Data extracted from a collection
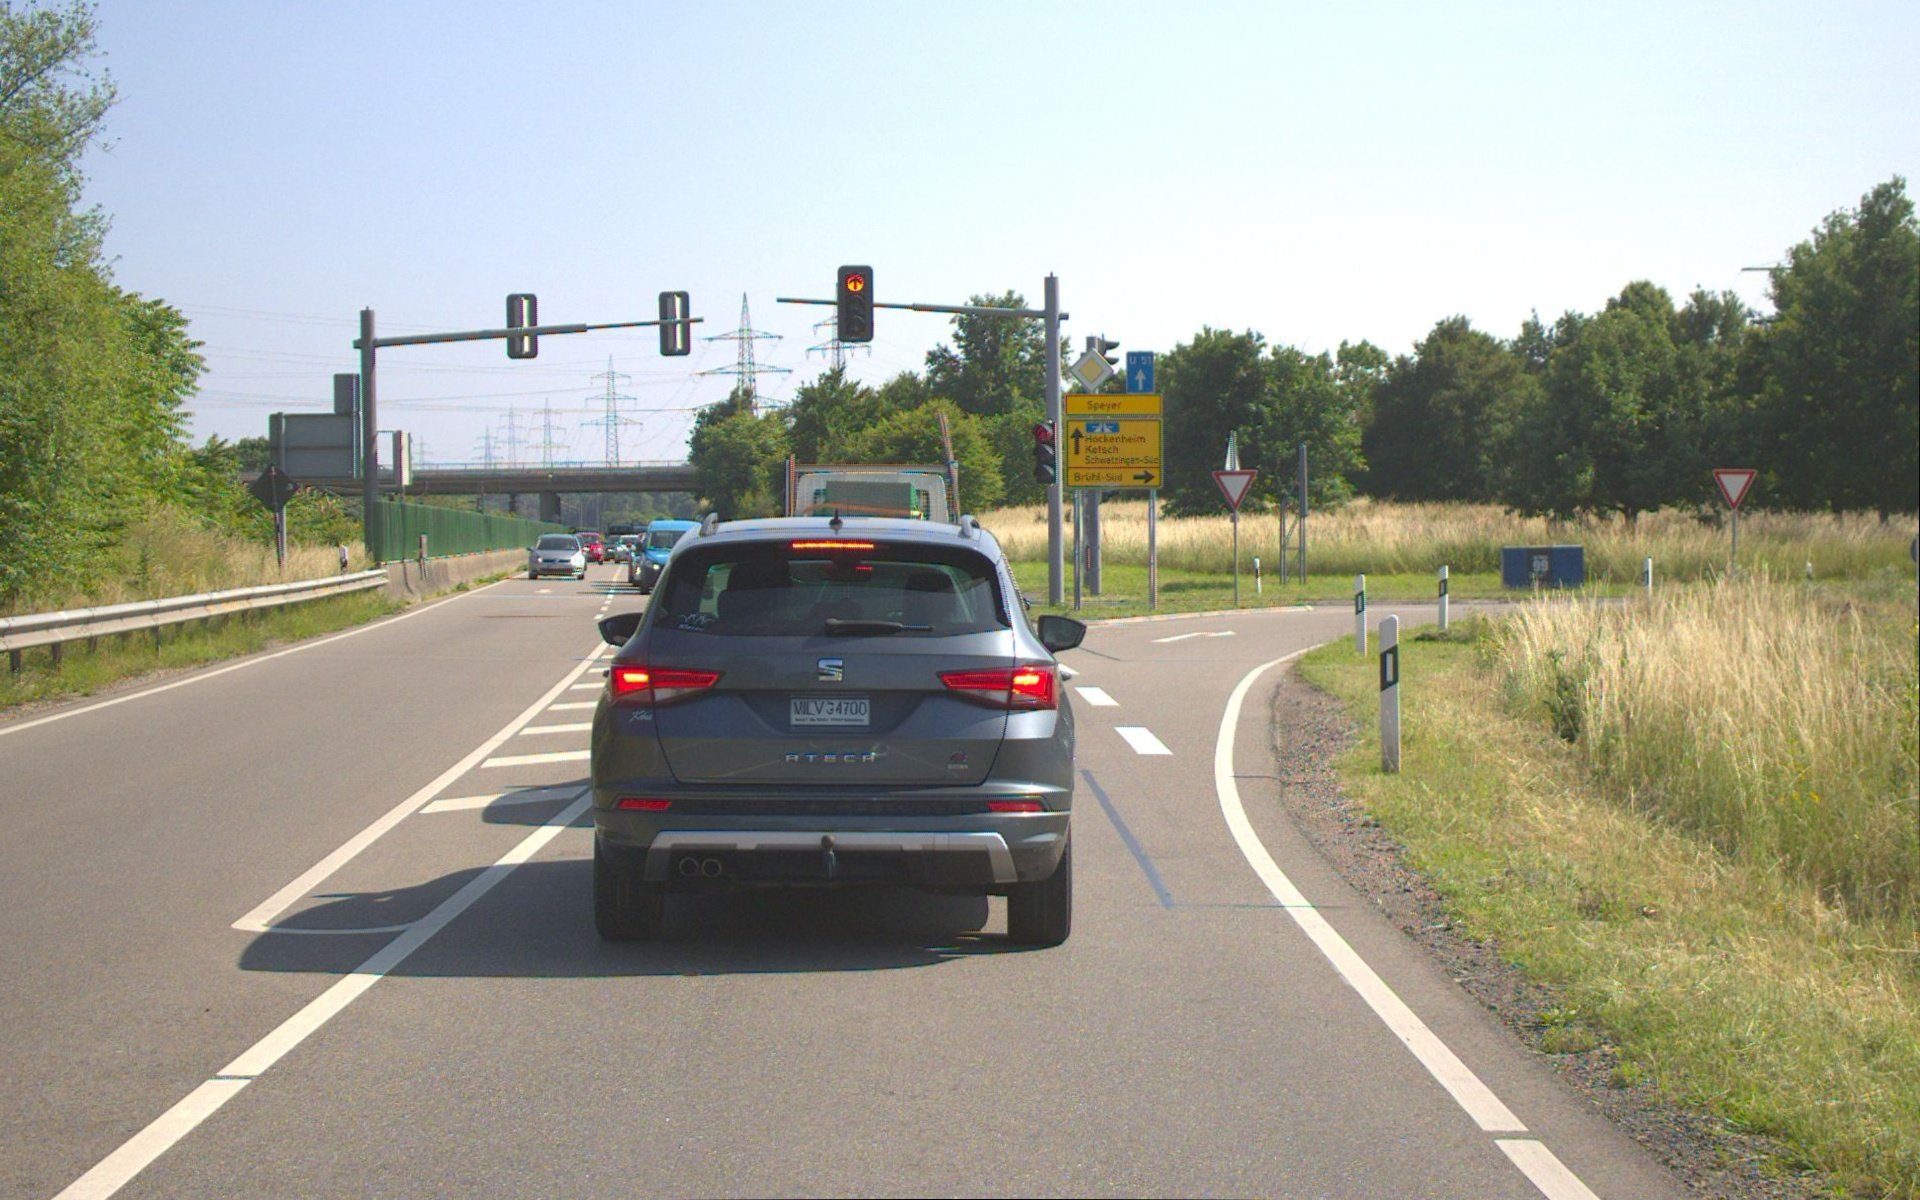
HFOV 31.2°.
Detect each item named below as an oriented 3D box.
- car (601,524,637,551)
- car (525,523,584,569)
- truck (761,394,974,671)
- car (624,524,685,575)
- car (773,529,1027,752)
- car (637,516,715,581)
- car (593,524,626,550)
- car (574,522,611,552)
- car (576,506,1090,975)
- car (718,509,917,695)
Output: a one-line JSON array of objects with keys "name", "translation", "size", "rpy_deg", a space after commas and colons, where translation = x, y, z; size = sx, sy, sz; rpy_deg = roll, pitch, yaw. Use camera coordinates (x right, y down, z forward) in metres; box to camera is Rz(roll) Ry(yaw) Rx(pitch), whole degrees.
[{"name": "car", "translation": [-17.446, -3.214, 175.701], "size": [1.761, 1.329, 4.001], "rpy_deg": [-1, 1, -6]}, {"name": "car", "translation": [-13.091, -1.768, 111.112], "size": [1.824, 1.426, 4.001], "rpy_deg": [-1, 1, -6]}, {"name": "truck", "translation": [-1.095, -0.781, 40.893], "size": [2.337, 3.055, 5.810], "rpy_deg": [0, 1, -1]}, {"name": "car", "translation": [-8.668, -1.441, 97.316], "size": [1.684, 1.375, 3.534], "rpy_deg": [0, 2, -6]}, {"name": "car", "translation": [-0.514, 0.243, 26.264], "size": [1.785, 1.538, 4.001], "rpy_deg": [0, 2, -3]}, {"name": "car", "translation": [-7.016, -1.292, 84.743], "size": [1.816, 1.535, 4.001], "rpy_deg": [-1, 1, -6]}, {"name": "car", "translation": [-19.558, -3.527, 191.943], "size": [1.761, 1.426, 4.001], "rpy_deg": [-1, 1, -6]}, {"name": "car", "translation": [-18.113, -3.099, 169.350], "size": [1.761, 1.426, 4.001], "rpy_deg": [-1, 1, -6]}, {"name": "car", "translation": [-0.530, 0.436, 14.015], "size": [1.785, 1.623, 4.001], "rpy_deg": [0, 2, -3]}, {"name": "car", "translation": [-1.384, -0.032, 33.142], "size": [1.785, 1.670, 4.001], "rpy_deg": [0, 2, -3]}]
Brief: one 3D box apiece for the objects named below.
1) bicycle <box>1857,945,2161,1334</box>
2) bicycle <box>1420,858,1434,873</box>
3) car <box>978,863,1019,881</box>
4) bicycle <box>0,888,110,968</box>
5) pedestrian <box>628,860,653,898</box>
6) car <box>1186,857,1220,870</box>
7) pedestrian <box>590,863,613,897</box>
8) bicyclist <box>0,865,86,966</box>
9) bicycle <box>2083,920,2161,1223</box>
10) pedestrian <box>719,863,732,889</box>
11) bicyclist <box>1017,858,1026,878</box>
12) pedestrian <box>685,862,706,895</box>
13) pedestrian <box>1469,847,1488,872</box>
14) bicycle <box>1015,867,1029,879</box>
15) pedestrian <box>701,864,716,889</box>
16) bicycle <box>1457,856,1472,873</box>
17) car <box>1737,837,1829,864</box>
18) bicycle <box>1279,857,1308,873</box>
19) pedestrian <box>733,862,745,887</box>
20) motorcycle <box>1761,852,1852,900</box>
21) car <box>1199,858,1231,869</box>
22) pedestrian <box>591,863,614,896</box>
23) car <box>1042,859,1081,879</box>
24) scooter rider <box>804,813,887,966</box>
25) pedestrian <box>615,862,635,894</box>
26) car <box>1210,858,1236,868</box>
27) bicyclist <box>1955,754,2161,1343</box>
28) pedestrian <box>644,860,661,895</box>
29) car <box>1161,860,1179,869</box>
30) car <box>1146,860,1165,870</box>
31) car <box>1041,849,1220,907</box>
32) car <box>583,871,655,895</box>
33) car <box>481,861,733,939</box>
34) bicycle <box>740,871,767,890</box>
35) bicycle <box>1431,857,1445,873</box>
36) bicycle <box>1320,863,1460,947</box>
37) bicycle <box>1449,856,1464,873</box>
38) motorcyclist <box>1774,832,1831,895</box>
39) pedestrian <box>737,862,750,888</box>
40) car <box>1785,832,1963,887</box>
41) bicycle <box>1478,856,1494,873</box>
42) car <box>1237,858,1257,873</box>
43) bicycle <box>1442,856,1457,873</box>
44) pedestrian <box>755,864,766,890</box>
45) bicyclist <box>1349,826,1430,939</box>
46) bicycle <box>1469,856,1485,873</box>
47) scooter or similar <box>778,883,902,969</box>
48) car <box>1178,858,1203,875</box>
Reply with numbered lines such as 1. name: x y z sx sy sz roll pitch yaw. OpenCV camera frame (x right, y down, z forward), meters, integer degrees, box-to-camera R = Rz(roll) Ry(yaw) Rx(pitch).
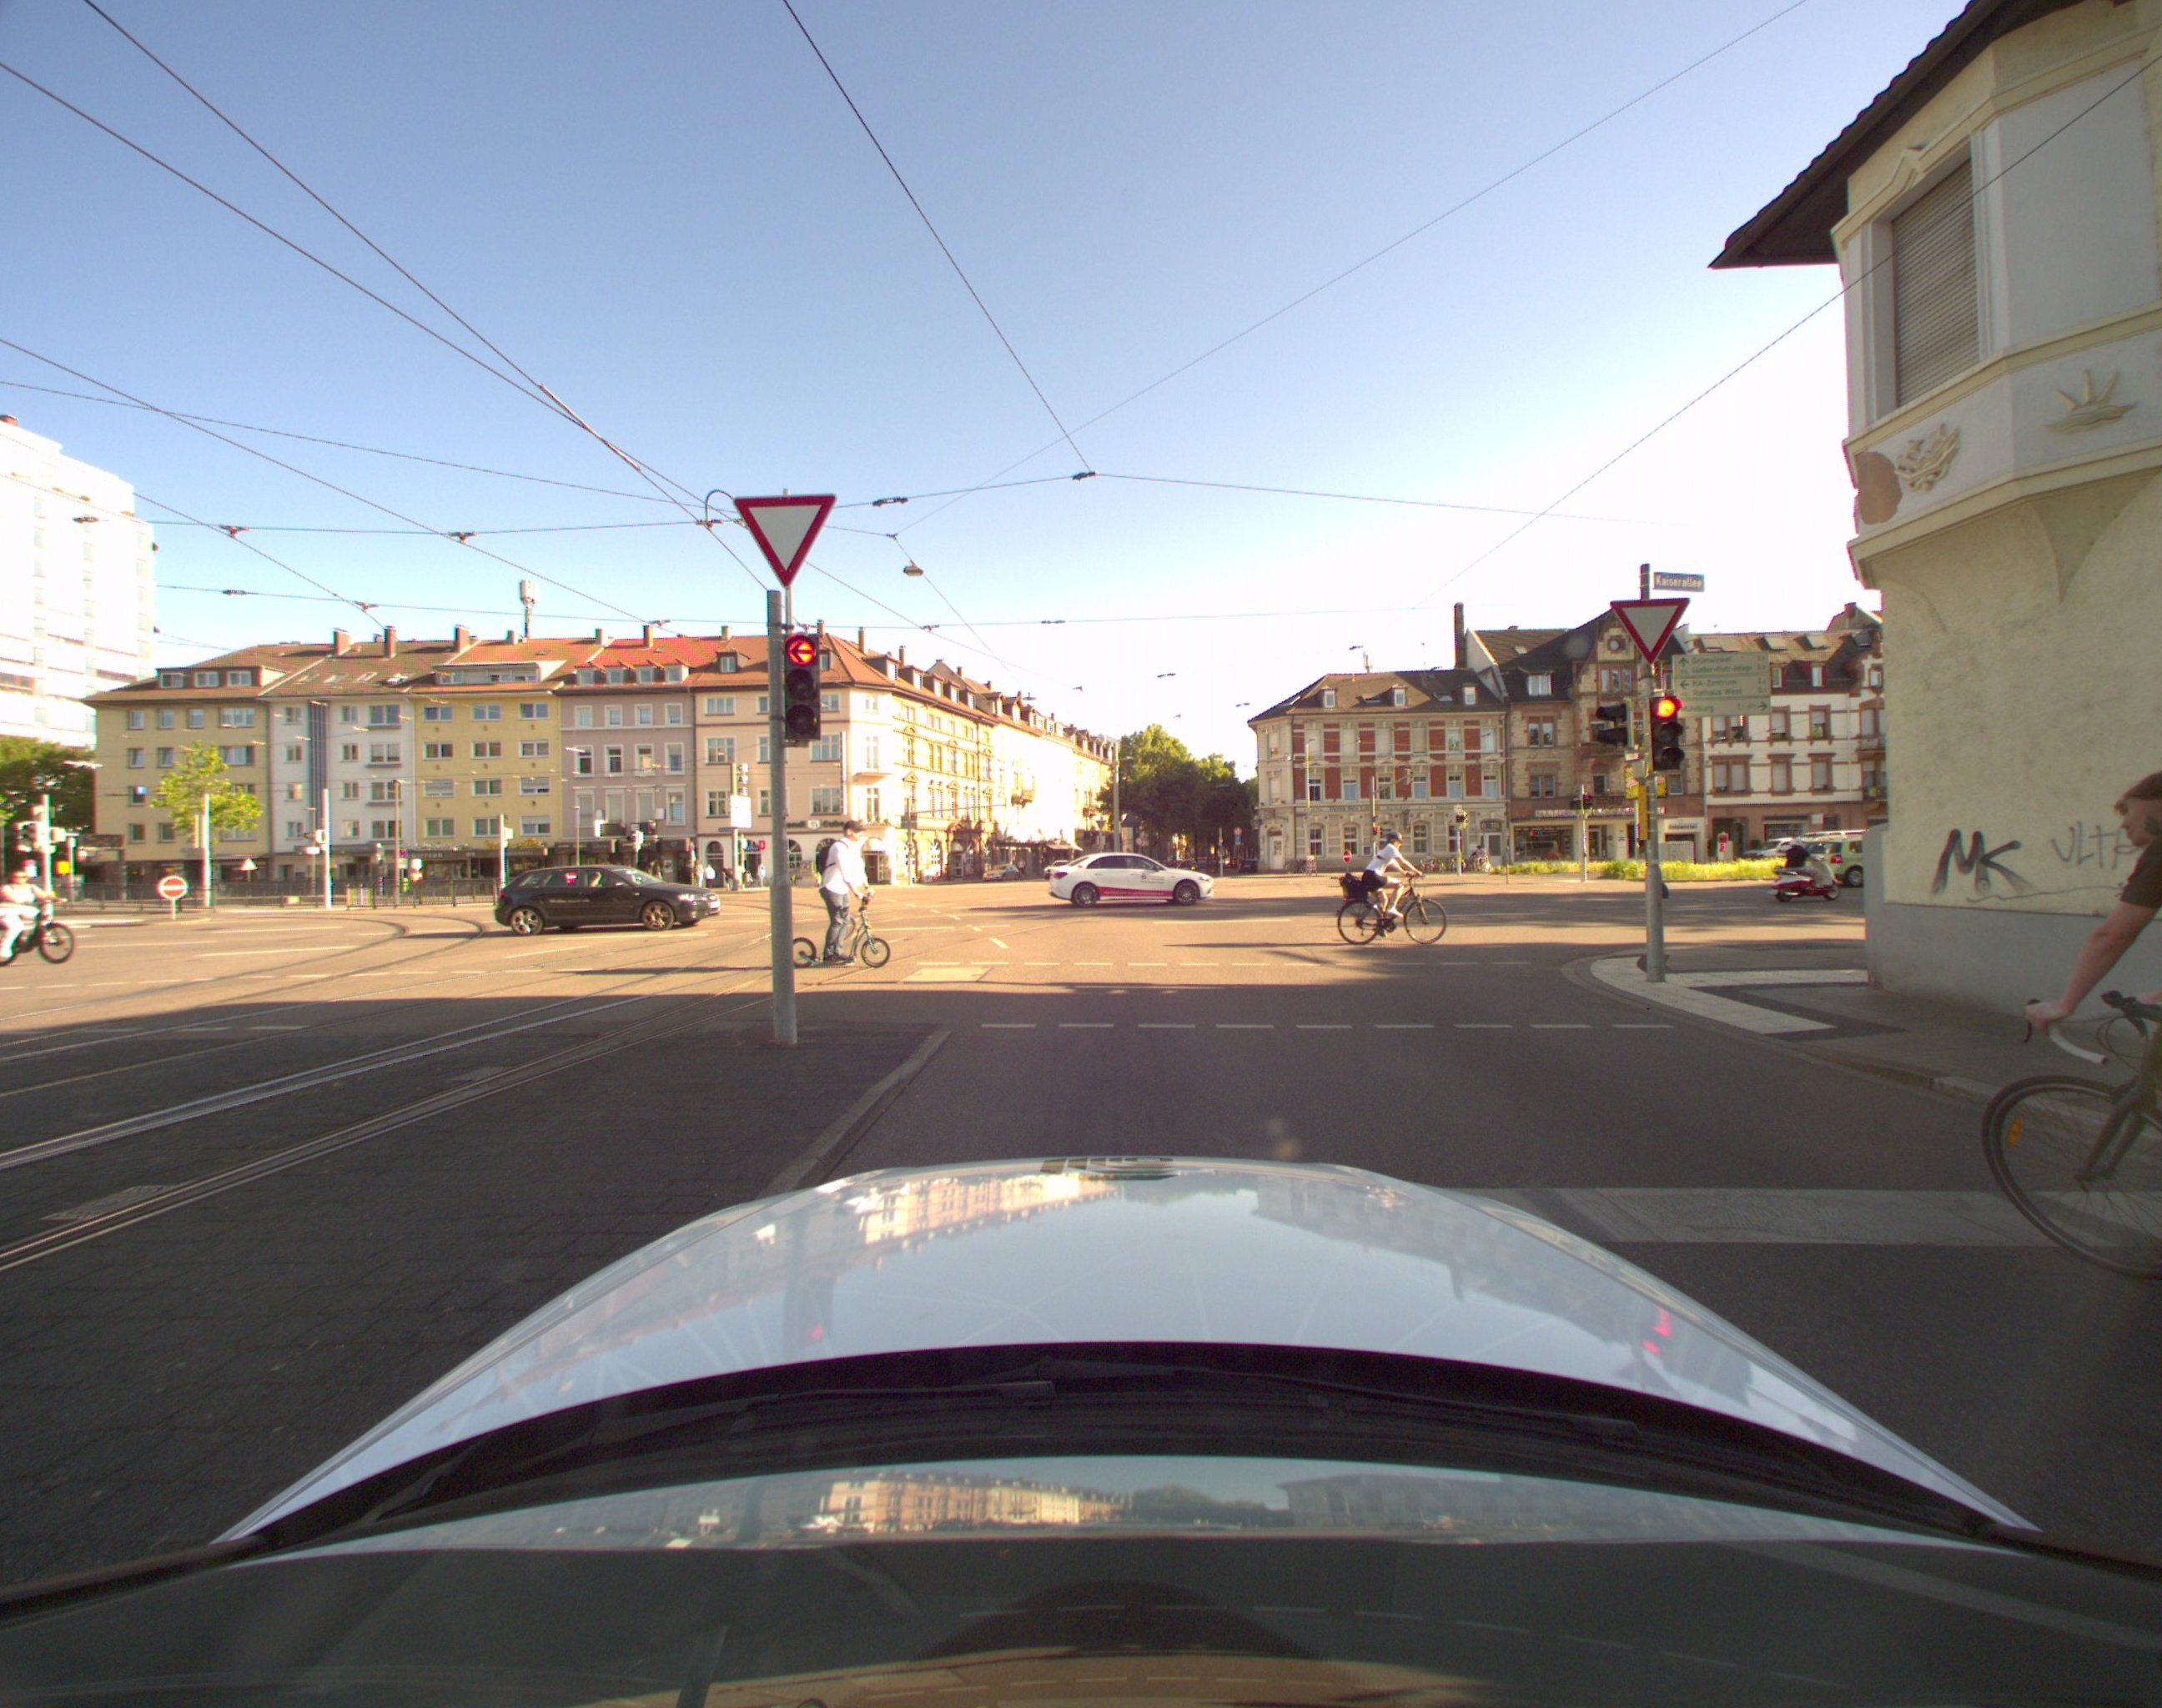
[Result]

What to work on —
Copy nothing but the lines from the start of the entries through the line with "1) bicycle <box>1857,945,2161,1334</box>". Write them out exactly, without pictures.

Solution —
HFOV 31.2°.
Detect each item named below as an oriented 3D box.
- car (601,524,637,551)
- car (525,523,584,569)
- truck (761,394,974,671)
- car (624,524,685,575)
- car (773,529,1027,752)
- car (637,516,715,581)
- car (593,524,626,550)
- car (574,522,611,552)
- car (576,506,1090,975)
- car (718,509,917,695)
Output: a one-line JSON array of objects with keys "name", "translation", "size", "rpy_deg", a space after commas and colons, where translation = x, y, z; size = sx, sy, sz; rpy_deg = roll, pitch, yaw. Use camera coordinates (x right, y down, z forward) in metres; box to camera is Rz(roll) Ry(yaw) Rx(pitch), whole degrees.
[{"name": "car", "translation": [-17.446, -3.214, 175.701], "size": [1.761, 1.329, 4.001], "rpy_deg": [-1, 1, -6]}, {"name": "car", "translation": [-13.091, -1.768, 111.112], "size": [1.824, 1.426, 4.001], "rpy_deg": [-1, 1, -6]}, {"name": "truck", "translation": [-1.095, -0.781, 40.893], "size": [2.337, 3.055, 5.810], "rpy_deg": [0, 1, -1]}, {"name": "car", "translation": [-8.668, -1.441, 97.316], "size": [1.684, 1.375, 3.534], "rpy_deg": [0, 2, -6]}, {"name": "car", "translation": [-0.514, 0.243, 26.264], "size": [1.785, 1.538, 4.001], "rpy_deg": [0, 2, -3]}, {"name": "car", "translation": [-7.016, -1.292, 84.743], "size": [1.816, 1.535, 4.001], "rpy_deg": [-1, 1, -6]}, {"name": "car", "translation": [-19.558, -3.527, 191.943], "size": [1.761, 1.426, 4.001], "rpy_deg": [-1, 1, -6]}, {"name": "car", "translation": [-18.113, -3.099, 169.350], "size": [1.761, 1.426, 4.001], "rpy_deg": [-1, 1, -6]}, {"name": "car", "translation": [-0.530, 0.436, 14.015], "size": [1.785, 1.623, 4.001], "rpy_deg": [0, 2, -3]}, {"name": "car", "translation": [-1.384, -0.032, 33.142], "size": [1.785, 1.670, 4.001], "rpy_deg": [0, 2, -3]}]
Brief: one 3D box apiece for the objects named below.
1) bicycle <box>1857,945,2161,1334</box>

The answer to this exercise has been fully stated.